Thursday, 7.08pm
Sheffield, U.K.
Design is a funny word. Some people think design means how it looks. But of course, if you dig deeper, it’s really how it works. – Steve Jobs
I’ve spent a few days happily messing with data – not in Excel and fancy visual tools but on the command line – that place that existed from the beginning.
Now the thing with this other world of computing that most people don’t really know about is that people with names wrote the software I use now.
For example the Unix utilities cut and paste were written by David M. Ihnat, David MacKenzie, and Jim Meyering – names in the documentation that make it more real.
Talking about Unix, as I do every once in a while, I came across this paper by Donald A. Norman written in 1981 which damns the system as “a disaster for the casual user.”
Norman lists all the things that are wrong about the system and rails at how the simplest concessions to making things easy for people are not there.
It’s not consistent, he says, the functions are weird, it refuses to talk to you and it taxes your brain too much.
And then he has a pop at the venerable Unix utility cat – saying that it fails to do the simple task of showing you what’s in a file.
Now, if you are unaware of the history of these things and the views on the other side – we are treading on a battleground.
The Unix folk pointed out that people like Norman just didn’t get it.
The reasons why can wait for another day – because I doubt you’re really all that interested.
The point I want to come to is at the end of Norman’s paper.
He says that the three most important concepts for system design are to be consistent, have an explicit model for how to interact with the system and make it easy for the user – don’t tax their brains too much.
This kind of thinking inevitably comes up with a box.
It’s consistent.
You have a model for it – put stuff in the box and carry them around.
And it’s simple – it’s not too hard to work out how to use a box.
And then, by doing so you miss the point – a point that’s captured beautifully in the world of Calvin and Hobbes – the boy with his tiger.

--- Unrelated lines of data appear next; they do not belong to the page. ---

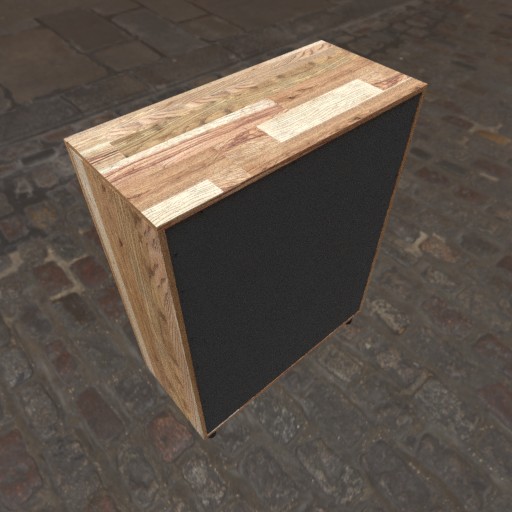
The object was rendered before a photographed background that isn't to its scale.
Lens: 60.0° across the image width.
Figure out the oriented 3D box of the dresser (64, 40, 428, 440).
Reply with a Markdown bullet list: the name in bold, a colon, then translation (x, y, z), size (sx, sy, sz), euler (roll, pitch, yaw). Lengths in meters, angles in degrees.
- **dresser**: translation (0.000, 0.000, 1.709), size (0.966, 1.243, 0.480), euler (-32, 55, -27)
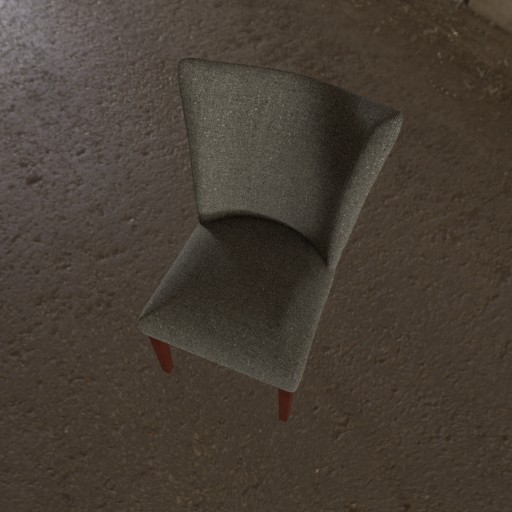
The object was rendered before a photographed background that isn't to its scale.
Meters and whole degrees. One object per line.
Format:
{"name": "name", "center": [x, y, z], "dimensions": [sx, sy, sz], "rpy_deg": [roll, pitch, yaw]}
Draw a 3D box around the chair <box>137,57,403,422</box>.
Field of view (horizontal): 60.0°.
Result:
{"name": "chair", "center": [0.000, 0.000, 1.291], "dimensions": [0.535, 0.924, 0.623], "rpy_deg": [19, 60, 11]}
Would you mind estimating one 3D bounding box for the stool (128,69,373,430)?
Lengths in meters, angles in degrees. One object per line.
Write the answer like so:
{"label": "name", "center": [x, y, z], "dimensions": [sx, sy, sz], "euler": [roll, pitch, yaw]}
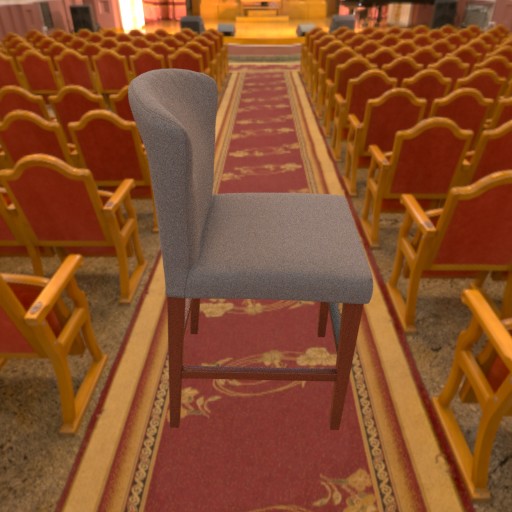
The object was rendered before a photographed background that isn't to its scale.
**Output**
{"label": "stool", "center": [0.000, 0.000, 1.268], "dimensions": [0.568, 0.968, 0.481], "euler": [1, 33, 1]}
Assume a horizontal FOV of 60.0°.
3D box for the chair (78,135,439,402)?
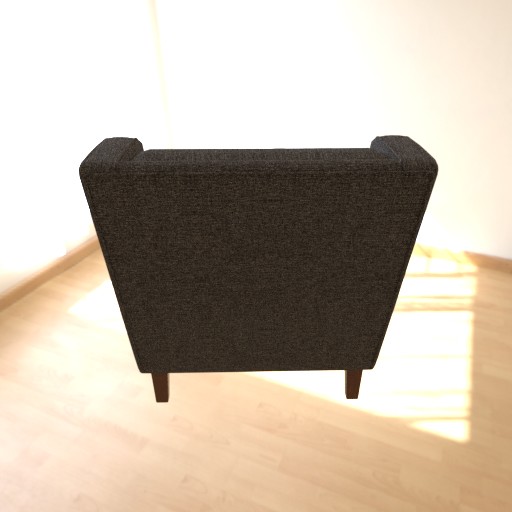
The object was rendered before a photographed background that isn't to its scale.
[{"bbox_3d":[0.000,0.000,1.790,0.942,1.082,0.927,-1,30,-1],"label":"chair"}]
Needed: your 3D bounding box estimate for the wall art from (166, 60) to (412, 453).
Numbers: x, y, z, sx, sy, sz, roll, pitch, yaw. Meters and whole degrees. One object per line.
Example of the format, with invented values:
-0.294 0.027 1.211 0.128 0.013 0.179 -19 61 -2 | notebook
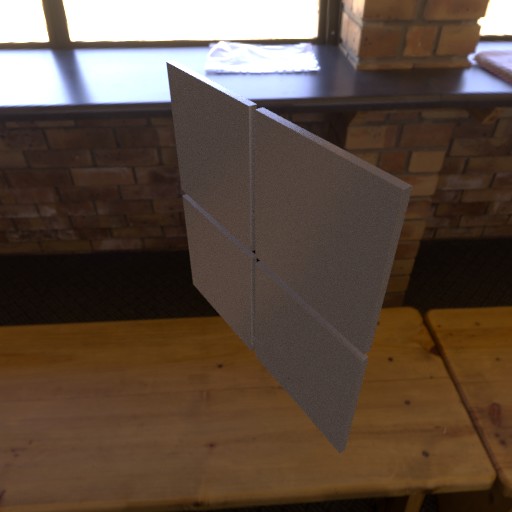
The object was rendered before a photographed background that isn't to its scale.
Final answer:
0.000 0.000 1.641 0.029 1.118 1.118 -24 45 -26 | wall art
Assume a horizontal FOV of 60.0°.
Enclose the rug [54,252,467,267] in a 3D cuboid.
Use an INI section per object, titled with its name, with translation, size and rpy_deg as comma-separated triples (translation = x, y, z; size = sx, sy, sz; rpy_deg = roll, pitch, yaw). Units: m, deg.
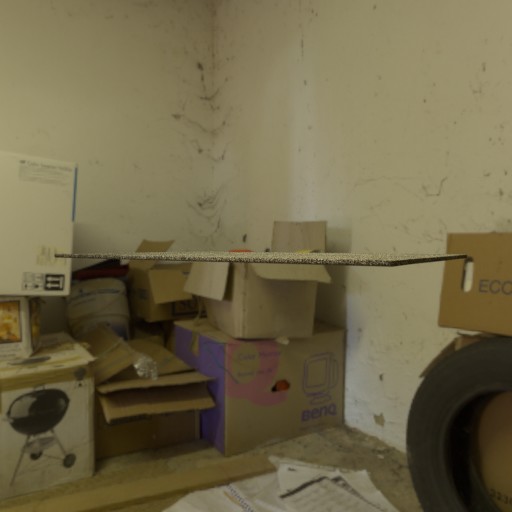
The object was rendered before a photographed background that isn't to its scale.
[rug]
translation = 0.000, 0.000, 2.976
size = 2.352, 0.025, 1.501
rpy_deg = 1, 2, 36
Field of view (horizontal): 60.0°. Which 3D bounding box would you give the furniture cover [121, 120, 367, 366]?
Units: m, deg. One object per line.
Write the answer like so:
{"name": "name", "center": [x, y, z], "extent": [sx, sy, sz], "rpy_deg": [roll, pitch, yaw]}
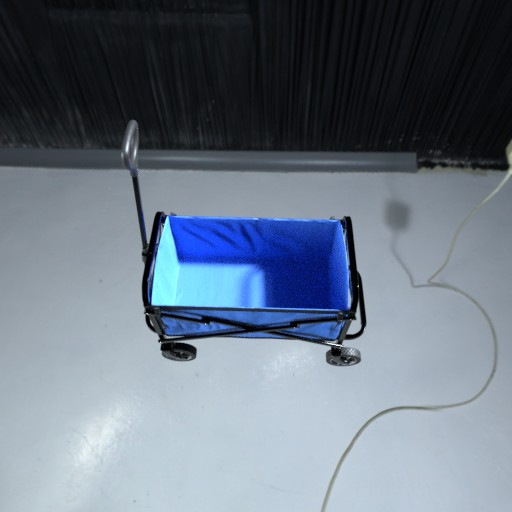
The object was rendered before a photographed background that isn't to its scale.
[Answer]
{"name": "furniture cover", "center": [0.000, 0.000, 1.822], "extent": [1.038, 1.295, 0.532], "rpy_deg": [2, 57, 1]}
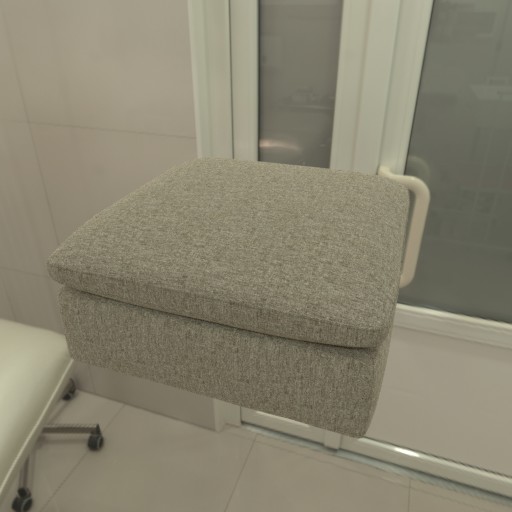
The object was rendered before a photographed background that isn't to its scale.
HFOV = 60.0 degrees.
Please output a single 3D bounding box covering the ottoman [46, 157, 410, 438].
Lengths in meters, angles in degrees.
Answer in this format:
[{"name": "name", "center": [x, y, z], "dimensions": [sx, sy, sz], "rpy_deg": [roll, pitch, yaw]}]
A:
[{"name": "ottoman", "center": [0.000, 0.000, 1.647], "dimensions": [1.035, 0.526, 1.039], "rpy_deg": [10, 31, 17]}]
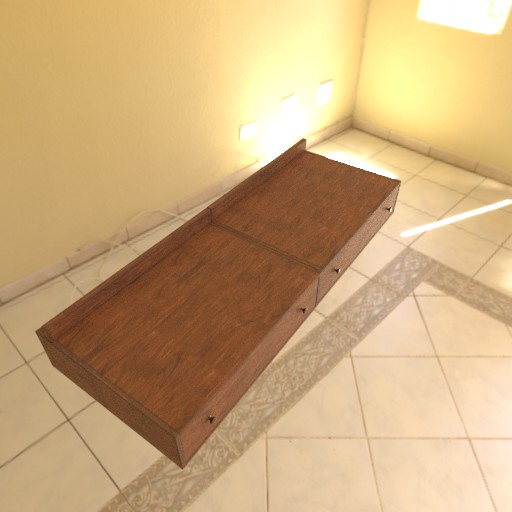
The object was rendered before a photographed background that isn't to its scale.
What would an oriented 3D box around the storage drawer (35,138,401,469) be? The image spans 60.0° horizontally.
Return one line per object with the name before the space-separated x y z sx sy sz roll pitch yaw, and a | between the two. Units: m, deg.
storage drawer | 0.000 0.000 2.224 0.774 0.339 1.914 25 47 26
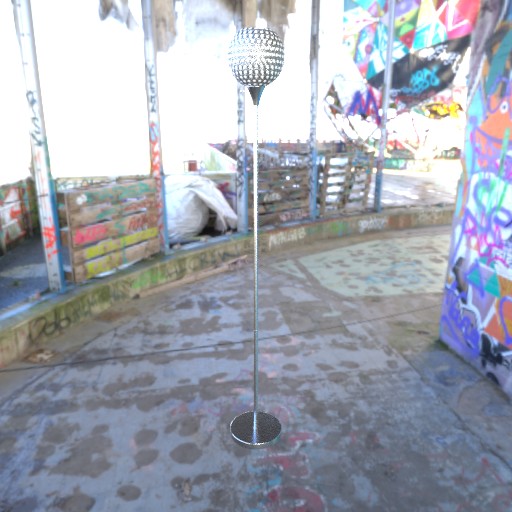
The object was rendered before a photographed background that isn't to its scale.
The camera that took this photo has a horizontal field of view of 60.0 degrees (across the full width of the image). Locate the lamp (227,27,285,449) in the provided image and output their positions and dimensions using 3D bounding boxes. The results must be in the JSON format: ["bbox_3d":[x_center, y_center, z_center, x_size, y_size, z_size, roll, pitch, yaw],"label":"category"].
[{"bbox_3d":[0.000,0.000,1.951,0.254,1.805,0.254,0,15,0],"label":"lamp"}]
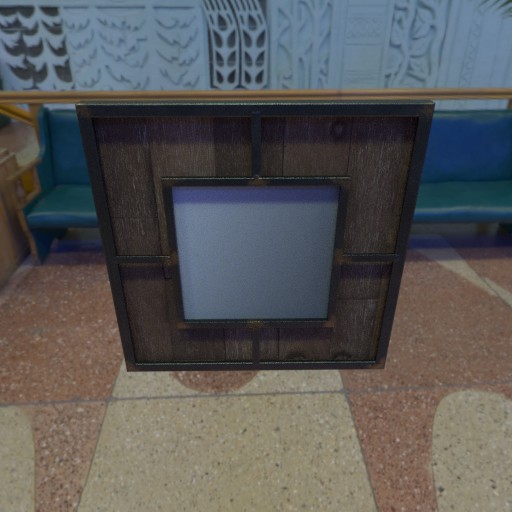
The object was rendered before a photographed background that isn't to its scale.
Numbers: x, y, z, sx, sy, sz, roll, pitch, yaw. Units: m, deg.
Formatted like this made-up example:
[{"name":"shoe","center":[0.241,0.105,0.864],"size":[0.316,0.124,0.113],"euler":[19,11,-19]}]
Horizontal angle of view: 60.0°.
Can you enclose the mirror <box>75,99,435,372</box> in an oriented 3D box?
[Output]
[{"name":"mirror","center":[0.000,0.000,0.569],"size":[0.382,0.381,0.020],"euler":[0,30,-1]}]
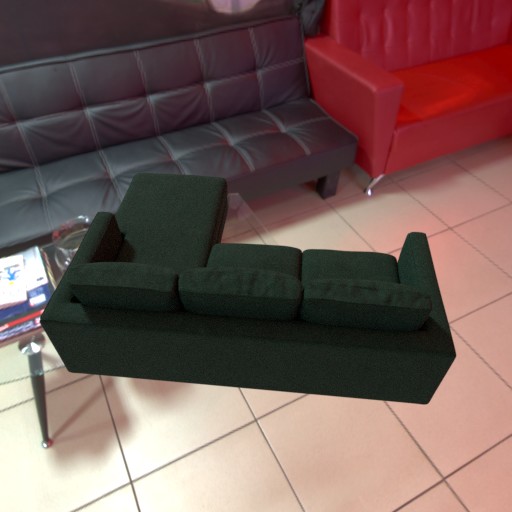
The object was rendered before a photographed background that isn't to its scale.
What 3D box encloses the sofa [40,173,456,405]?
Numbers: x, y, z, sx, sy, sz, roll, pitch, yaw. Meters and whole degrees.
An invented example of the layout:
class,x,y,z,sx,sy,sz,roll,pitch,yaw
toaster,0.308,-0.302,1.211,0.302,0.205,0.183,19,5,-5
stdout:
class,x,y,z,sx,sy,sz,roll,pitch,yaw
sofa,0.000,0.000,2.832,2.030,0.899,1.580,4,46,4

A box, in his world, can be anything.
It can be a transmogrifier – you go into it and come out transformed into a dinosaur.
Children will show you what a box can be used for – not what it’s designed to be used for.
It’s a racecar, a spaceship, a den.
It can be anything you want it to be.
And that wasn’t designed into the model.
Systems like Unix that don’t tell you how to live your life help bigger things to emerge.
Like a tree.
No one designed a tree – but you can’t live without them.
They weren’t designed for you to climb – but you did that anyway.
The point about design – as Steve Jobs got – is not really about the control you have – but what it does for the user.
How it liberates them and empowers them.
And that is something a system like Unix – well – GNU/Linux now – does better than anything else out there.
Because it gives you your freedom back.